With just over 3 weeks to go until race day you are almost there. It's important that you do your long run this week. By now you should be up to at least race distance in one of your practice's this week.

This program is general in nature. Feel free to adjust in order to accommodate scheduling conflicts and individual goals and rate of improvement.

Each week a program will be published and will include some running tips.

Level of runner 

Length of run



70 mins plus 

3 to 4 times per week


60 to 70 mins 

4 to 5 times per week 


sub 60 mins 

5 to 7 times per week

3 Weeks Out - 7 June - 13 June

Beginner Runners

Try for four sessions this week. 

Type of run

Length of run


Easy run 

for up to 50 mins 

An extra easy run will help build running fitness.

Speed session

40-50 minutes 

This will develop running form and efficiency.

10 mins easy running as a warm up, then four x 80 m accelerations or sometimes called strideouts (run up to 80 m gradually increasing the pace, easy run back to the start as recovery)

Four x 500m at a firm pace run 100m easy recovery between reps.

Four x 200m at a fast pace, run 100m easy recovery between reps

Warm down with about 5mins of easy running or walking

Don’t forget to stretch, it’s important                  

Long run

up to 80  mins 

Time to go a little longer.

Saturday or Sunday mornings are good for long runs. Go out and run easy, walk if you have to.
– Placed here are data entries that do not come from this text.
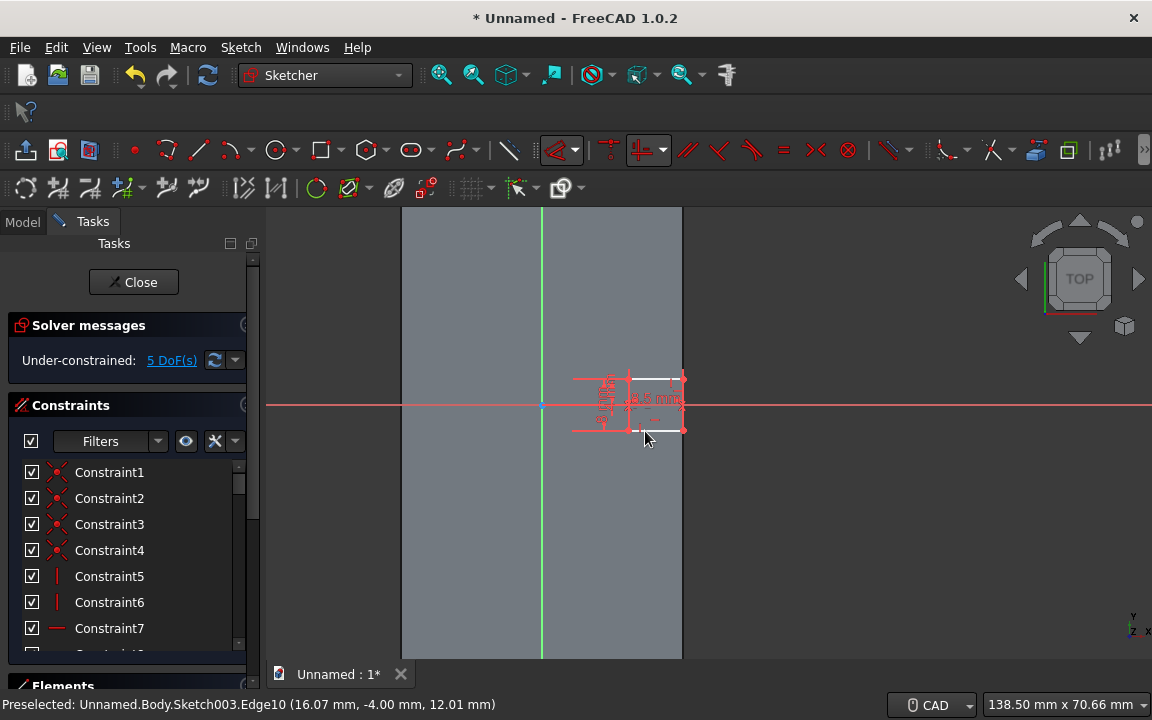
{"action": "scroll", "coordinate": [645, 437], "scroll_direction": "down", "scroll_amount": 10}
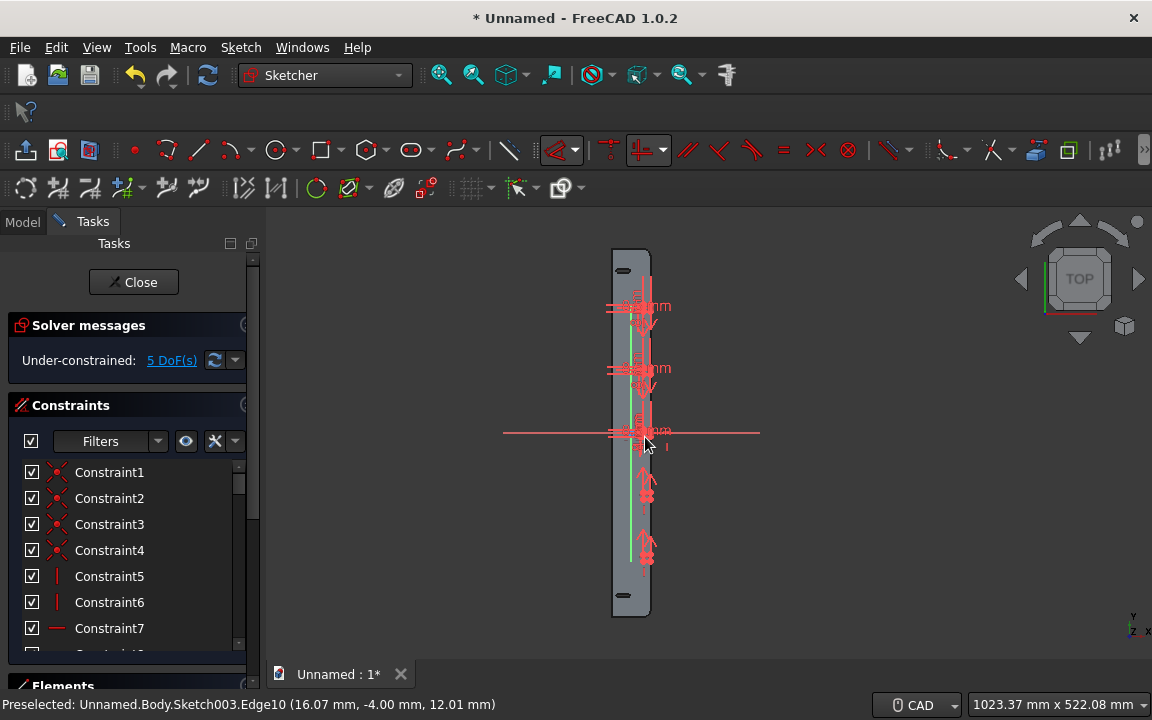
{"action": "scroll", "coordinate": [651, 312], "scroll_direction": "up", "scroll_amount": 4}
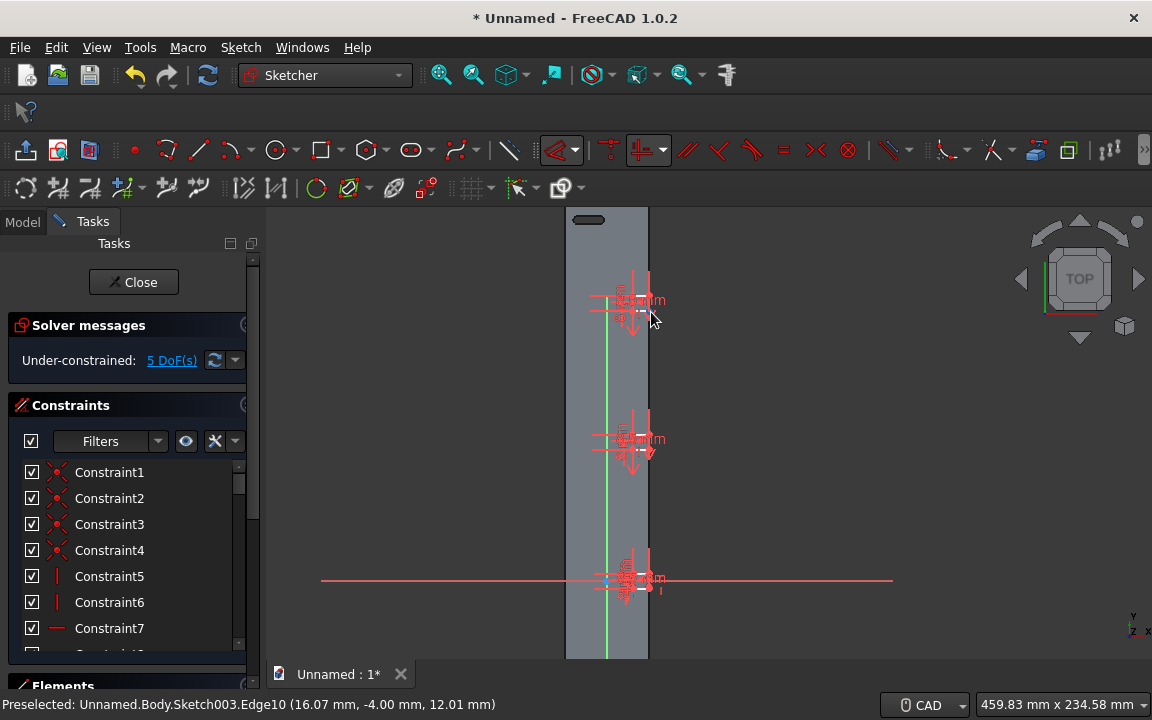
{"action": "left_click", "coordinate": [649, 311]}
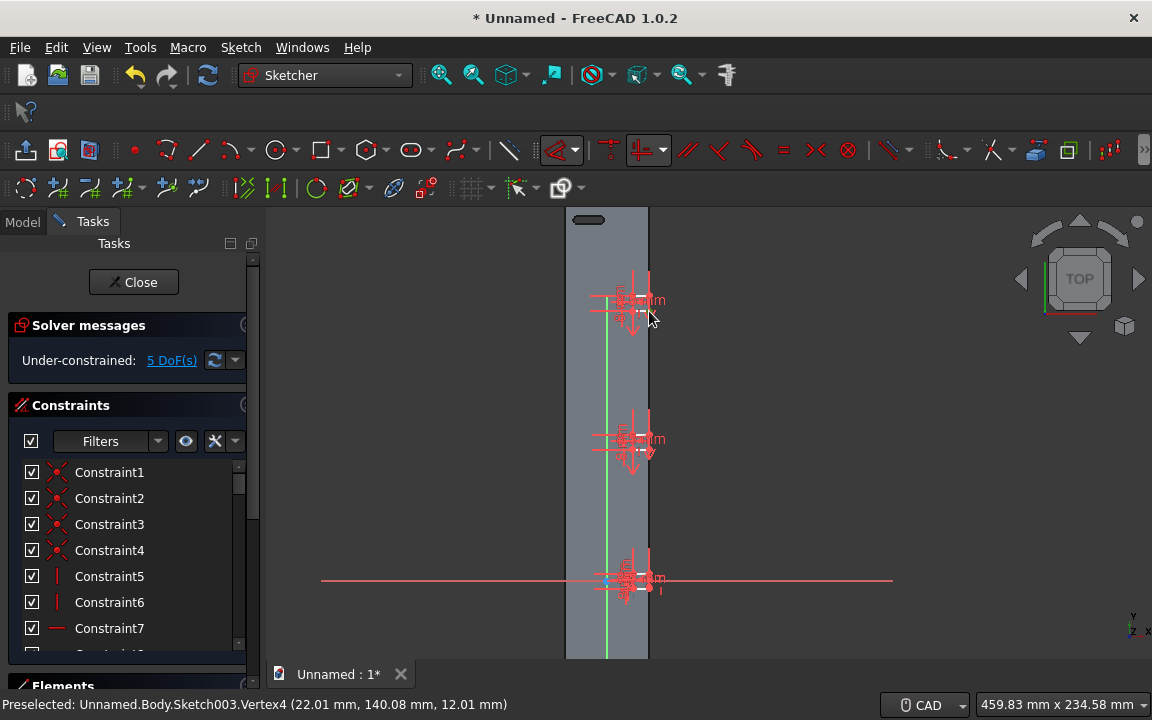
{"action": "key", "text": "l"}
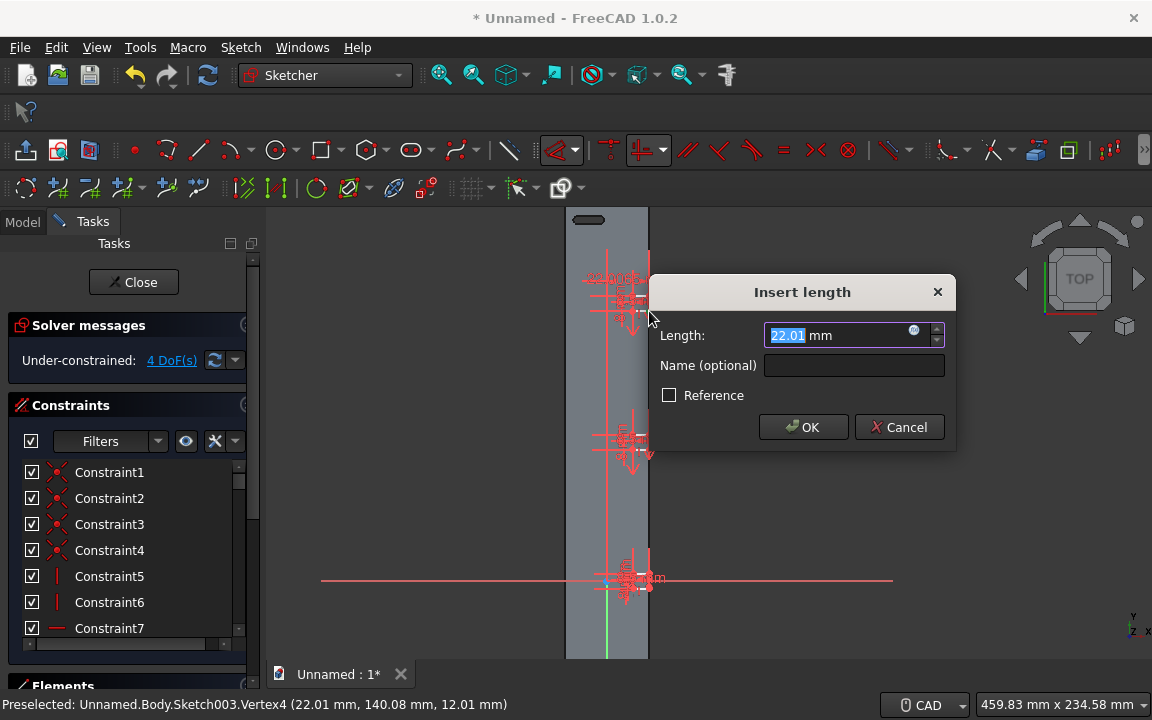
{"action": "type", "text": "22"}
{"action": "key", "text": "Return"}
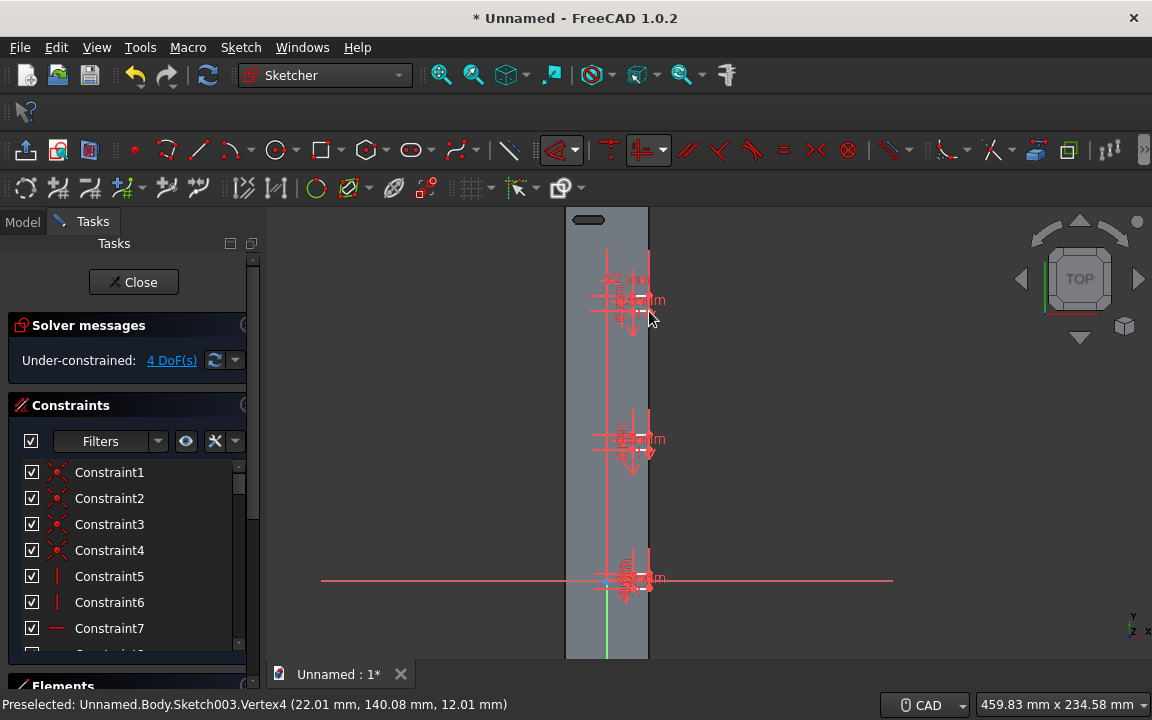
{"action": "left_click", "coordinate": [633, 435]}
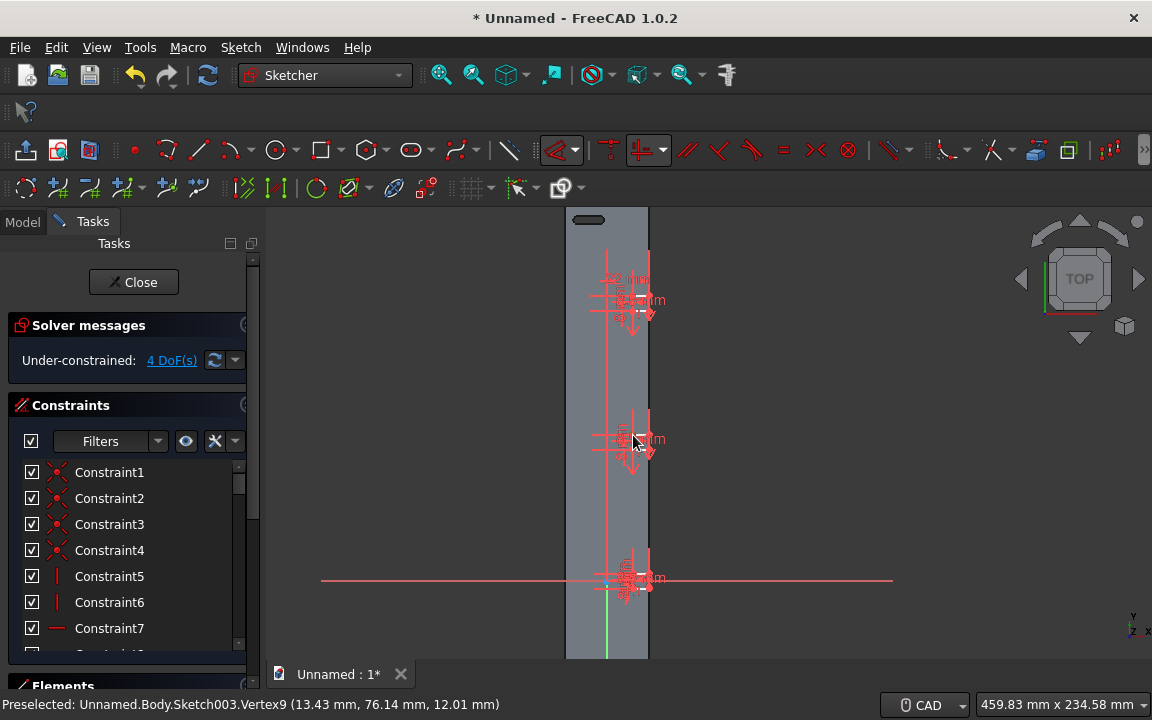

This is about time on your feet.

Intermediate and Advanced Runners

Intermediates try for five runs this week and for the advanced runners try for six runs.


Type of run 


Training session by Top End Athletic Movement (TEAM)

Easy run 

Up to one hour, add a few 200m surges during your run to help with leg speed. 


Hill session

Great session to build some strength.

Always warm up and warm down and stretch post session.

Have a practice on High school hill, 6 to 8 reps. Start on the intersection near Mindil Beach to get a good run up.

TEAM run a hill session each Wednesday morning at 6.00am for all levels. 

Location: posted on Mondays via the TEAM Facebook page (locations vary)

Cost: Free 

Speed work

Important to learn to run faster and improve your running form.

Always warmup with about 10mins of easy running

4 x 80m strideouts or acceleration runs to warm up your legs 

Try this set:

800m at your 5km pace

400m at 3km pace

200m at 1 km pace

2 minute easy recovery between

Repeat three to four times.

Advanced: add a Temp run during the week, this should be around 1 hour and just below your race pace.

Track Session every Friday Morning at 6.00am.

Location: Marrara Athletic Track

Cost: $3 

 Long run

This week will be your longest run at 2 hours.

Run the first hour easy, as a warm up, then bring it home for the last hour.

Run slightly slower than your planned race pace.

Always practice your hydration strategy. 


Tip: Stretch after each session and hydrate well by learning to drink before, during and after training.